Search code examples
sqlgoogle-bigquerywindow-functions

Adding grouping in framing clause window while creating partitions


Using the dataset hosted on Google (MBL Data) as an example, here is what I am accomplishing to do - obtain last 3 weeks score run for a given Venue.

My aggregated dataset looks like this without the strikes_3wk column - enter image description here

Logic for strikes_3wk column is to partition the aggregated dataset by venueName, order by YearWeek column and then obtain the last 3 weeks aggregated strikes data.

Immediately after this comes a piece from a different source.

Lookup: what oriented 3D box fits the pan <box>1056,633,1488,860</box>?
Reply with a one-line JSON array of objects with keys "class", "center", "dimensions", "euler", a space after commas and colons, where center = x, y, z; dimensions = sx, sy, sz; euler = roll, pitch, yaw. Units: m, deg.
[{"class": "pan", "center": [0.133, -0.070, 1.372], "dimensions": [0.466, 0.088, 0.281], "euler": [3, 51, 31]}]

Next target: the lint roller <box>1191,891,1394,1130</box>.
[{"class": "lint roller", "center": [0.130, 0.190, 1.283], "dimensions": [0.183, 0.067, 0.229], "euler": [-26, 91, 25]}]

Here is the query I have written so far. I see that the windowing function is where I need to modify the logic. So, is there a way to add grouping within the windowing function? Is there any alternative way of doing this?

In the image I added a new column 'expected', showing values for two weeks.

select inr.*
       ,sum(inr.strikes) over (Venue_Week rows between current row and 2 following) as strikes_3wk
from
(
    select seasonType
        ,gameStatus
        ,homeTeamName
        ,awayTeamName
        ,venueName
        ,CAST(
        CONCAT(
            CAST(EXTRACT(YEAR FROM createdAt) as string)
            ,CAST(EXTRACT(WEEK(Monday) FROM createdAt) as string)
            ) as INT64)
            as YearWeek
        ,sum(homeFinalRuns) as homeFinalRuns
        ,sum(strikes) as strikes
    from  `bigquery-public-data.baseball.games_wide`
    where   createdAt is not null
    group by seasonType
        ,gameStatus
        ,homeTeamName
        ,awayTeamName
        ,venueName
        ,YearWeek
)inr
window Venue_Week as (
    partition by inr.venueName
    order by inr.YearWeek desc
)

Solution

  • So you are looking for strikes per venue regardless of who did them, right?

    May be something like:

    SELECT INR.*, STATS.strikes_3wk 
    FROM `bigquery-public-data.baseball.games_wide` INR
      LEFT JOIN (
        SELECT venueName, SUM(strikes) as strikes_3wk 
        FROM `bigquery-public-data.baseball.games_wide` INR2
        WHERE YearWeek IN (
          SELECT TOP 3 YearWeek 
          FROM `bigquery-public-data.baseball.games_wide` 
          WHERE venueName = INR2.venueName
          ORDER BY YearWeek DESC
        )
        GROUP BY venueName
      ) STATS 
        ON INR.venueName = STATS.venueName